• _TASK BRIEF_:
Restate the records that follow word for word. Omit the images.

• _EXCERPTED RECORDS_:

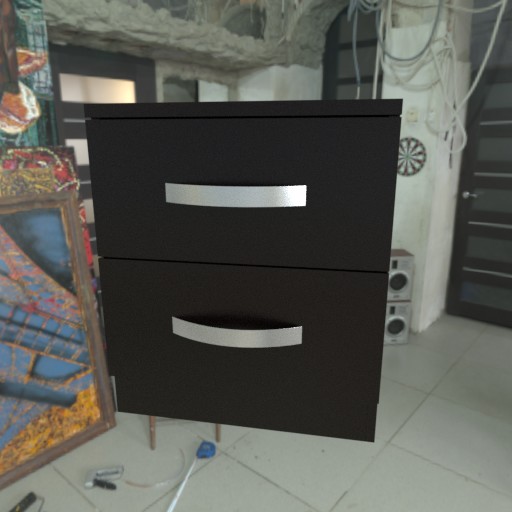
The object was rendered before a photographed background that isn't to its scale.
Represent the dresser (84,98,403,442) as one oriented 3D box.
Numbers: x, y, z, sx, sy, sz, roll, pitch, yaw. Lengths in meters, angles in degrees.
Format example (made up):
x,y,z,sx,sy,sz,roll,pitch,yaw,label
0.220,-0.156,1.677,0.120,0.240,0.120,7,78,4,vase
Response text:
x,y,z,sx,sy,sz,roll,pitch,yaw,label
0.000,0.000,0.747,0.400,0.470,0.360,3,15,10,dresser
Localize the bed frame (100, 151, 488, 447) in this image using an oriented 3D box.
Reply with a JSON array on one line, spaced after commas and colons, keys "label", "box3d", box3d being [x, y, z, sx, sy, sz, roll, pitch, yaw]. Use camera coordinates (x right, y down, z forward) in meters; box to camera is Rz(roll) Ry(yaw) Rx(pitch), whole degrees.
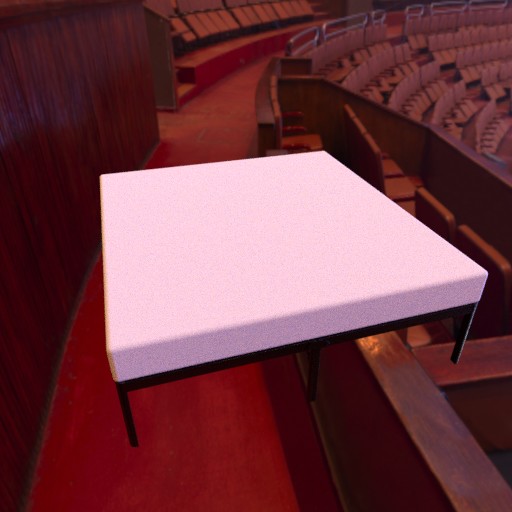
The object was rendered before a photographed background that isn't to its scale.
[{"label": "bed frame", "box3d": [0.000, 0.000, 3.094, 1.963, 0.659, 2.079, -9, 33, -15]}]
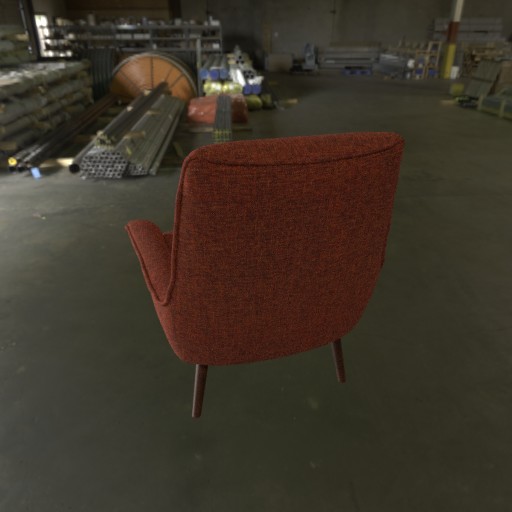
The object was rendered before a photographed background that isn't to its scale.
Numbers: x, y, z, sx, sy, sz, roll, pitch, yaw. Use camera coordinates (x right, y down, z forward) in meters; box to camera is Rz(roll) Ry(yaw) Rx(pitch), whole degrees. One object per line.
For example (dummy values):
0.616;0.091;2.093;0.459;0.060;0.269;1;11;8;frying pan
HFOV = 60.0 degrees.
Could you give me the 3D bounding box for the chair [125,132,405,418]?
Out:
0.000;0.000;1.472;0.803;0.911;0.784;-8;28;-16;chair

• _ANSWER BOX_:
The object was rendered before a photographed background that isn't to its scale.
Represent the dresser (84,98,403,442) as one oriented 3D box.
Numbers: x, y, z, sx, sy, sz, roll, pitch, yaw. Lengths in meters, angles in degrees.
Format example (made up):
x,y,z,sx,sy,sz,roll,pitch,yaw,label
0.220,-0.156,1.677,0.120,0.240,0.120,7,78,4,vase
Response text:
x,y,z,sx,sy,sz,roll,pitch,yaw,label
0.000,0.000,0.747,0.400,0.470,0.360,3,15,10,dresser
Localize the bed frame (100, 151, 488, 447) in this image using an oriented 3D box.
Reply with a JSON array on one line, spaced after commas and colons, keys "label", "box3d", box3d being [x, y, z, sx, sy, sz, roll, pitch, yaw]. Use camera coordinates (x right, y down, z forward) in meters; box to camera is Rz(roll) Ry(yaw) Rx(pitch), whole degrees.
The object was rendered before a photographed background that isn't to its scale.
[{"label": "bed frame", "box3d": [0.000, 0.000, 3.094, 1.963, 0.659, 2.079, -9, 33, -15]}]
The object was rendered before a photographed background that isn't to its scale.
Numbers: x, y, z, sx, sy, sz, roll, pitch, yaw. Use camera coordinates (x right, y down, z forward) in meters; box to camera is Rz(roll) Ry(yaw) Rx(pitch), whole degrees. One object per line.
For example (dummy values):
0.616;0.091;2.093;0.459;0.060;0.269;1;11;8;frying pan
HFOV = 60.0 degrees.
Could you give me the 3D bounding box for the chair [125,132,405,418]?
Out:
0.000;0.000;1.472;0.803;0.911;0.784;-8;28;-16;chair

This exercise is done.